What this task involves: Copy out the entries exactly, and wherever a picture appears, leave it out.

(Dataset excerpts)
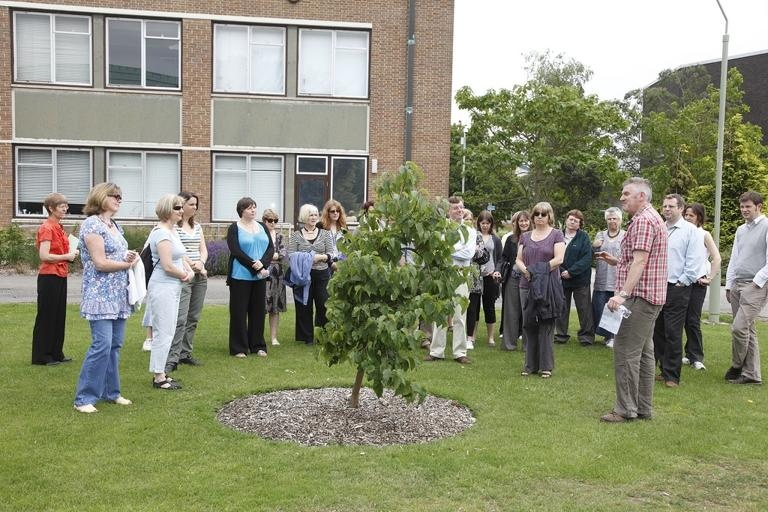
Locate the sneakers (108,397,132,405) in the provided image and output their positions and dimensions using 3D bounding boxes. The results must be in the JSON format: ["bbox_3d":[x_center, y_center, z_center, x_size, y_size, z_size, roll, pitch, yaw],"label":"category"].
[{"bbox_3d":[-4.484,2.495,15.344,0.396,0.178,0.144,0,5,3],"label":"sneakers"}]

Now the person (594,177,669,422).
[{"bbox_3d":[4.287,0.736,15.261,0.970,4.181,0.577,1,2,6],"label":"person"}]

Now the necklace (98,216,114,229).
[{"bbox_3d":[-4.702,-0.569,15.193,0.051,0.230,0.183,-49,-12,32],"label":"necklace"}]

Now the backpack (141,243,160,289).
[{"bbox_3d":[-4.393,0.145,16.649,0.181,0.780,1.188,1,2,-15],"label":"backpack"}]

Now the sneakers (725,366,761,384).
[{"bbox_3d":[6.780,2.283,16.922,0.668,0.284,0.253,11,9,13],"label":"sneakers"}]

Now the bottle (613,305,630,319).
[{"bbox_3d":[4.018,0.957,15.145,0.290,0.245,0.208,2,2,9],"label":"bottle"}]

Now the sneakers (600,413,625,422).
[{"bbox_3d":[3.908,2.770,15.292,0.318,0.136,0.164,0,3,11],"label":"sneakers"}]

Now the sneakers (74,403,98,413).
[{"bbox_3d":[-4.984,2.565,15.056,0.271,0.111,0.166,1,4,17],"label":"sneakers"}]

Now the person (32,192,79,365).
[{"bbox_3d":[-6.223,0.420,16.884,0.723,3.205,0.524,1,2,-18],"label":"person"}]

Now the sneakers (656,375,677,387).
[{"bbox_3d":[5.267,2.353,16.841,0.138,0.184,0.421,-25,-4,-26],"label":"sneakers"}]

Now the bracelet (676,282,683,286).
[{"bbox_3d":[5.557,0.523,16.865,0.074,0.056,0.075,0,6,4],"label":"bracelet"}]

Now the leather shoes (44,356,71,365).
[{"bbox_3d":[-6.126,1.981,16.911,0.429,0.184,0.142,3,-2,-19],"label":"leather shoes"}]

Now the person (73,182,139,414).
[{"bbox_3d":[-4.718,0.689,15.168,0.917,3.865,0.412,1,2,-21],"label":"person"}]

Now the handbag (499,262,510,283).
[{"bbox_3d":[2.518,0.321,18.696,0.140,0.360,0.297,7,3,20],"label":"handbag"}]

Answer section:
Locate the sneakers (108,397,132,405) in the provided image and output their positions and dimensions using 3D bounding boxes. The results must be in the JSON format: ["bbox_3d":[x_center, y_center, z_center, x_size, y_size, z_size, roll, pitch, yaw],"label":"category"].
[{"bbox_3d":[-4.484,2.495,15.344,0.396,0.178,0.144,0,5,3],"label":"sneakers"}]

Now the person (594,177,669,422).
[{"bbox_3d":[4.287,0.736,15.261,0.970,4.181,0.577,1,2,6],"label":"person"}]

Now the necklace (98,216,114,229).
[{"bbox_3d":[-4.702,-0.569,15.193,0.051,0.230,0.183,-49,-12,32],"label":"necklace"}]

Now the backpack (141,243,160,289).
[{"bbox_3d":[-4.393,0.145,16.649,0.181,0.780,1.188,1,2,-15],"label":"backpack"}]

Now the sneakers (725,366,761,384).
[{"bbox_3d":[6.780,2.283,16.922,0.668,0.284,0.253,11,9,13],"label":"sneakers"}]

Now the bottle (613,305,630,319).
[{"bbox_3d":[4.018,0.957,15.145,0.290,0.245,0.208,2,2,9],"label":"bottle"}]

Now the sneakers (600,413,625,422).
[{"bbox_3d":[3.908,2.770,15.292,0.318,0.136,0.164,0,3,11],"label":"sneakers"}]

Now the sneakers (74,403,98,413).
[{"bbox_3d":[-4.984,2.565,15.056,0.271,0.111,0.166,1,4,17],"label":"sneakers"}]

Now the person (32,192,79,365).
[{"bbox_3d":[-6.223,0.420,16.884,0.723,3.205,0.524,1,2,-18],"label":"person"}]

Now the sneakers (656,375,677,387).
[{"bbox_3d":[5.267,2.353,16.841,0.138,0.184,0.421,-25,-4,-26],"label":"sneakers"}]

Now the bracelet (676,282,683,286).
[{"bbox_3d":[5.557,0.523,16.865,0.074,0.056,0.075,0,6,4],"label":"bracelet"}]

Now the leather shoes (44,356,71,365).
[{"bbox_3d":[-6.126,1.981,16.911,0.429,0.184,0.142,3,-2,-19],"label":"leather shoes"}]

Now the person (73,182,139,414).
[{"bbox_3d":[-4.718,0.689,15.168,0.917,3.865,0.412,1,2,-21],"label":"person"}]

Now the handbag (499,262,510,283).
[{"bbox_3d":[2.518,0.321,18.696,0.140,0.360,0.297,7,3,20],"label":"handbag"}]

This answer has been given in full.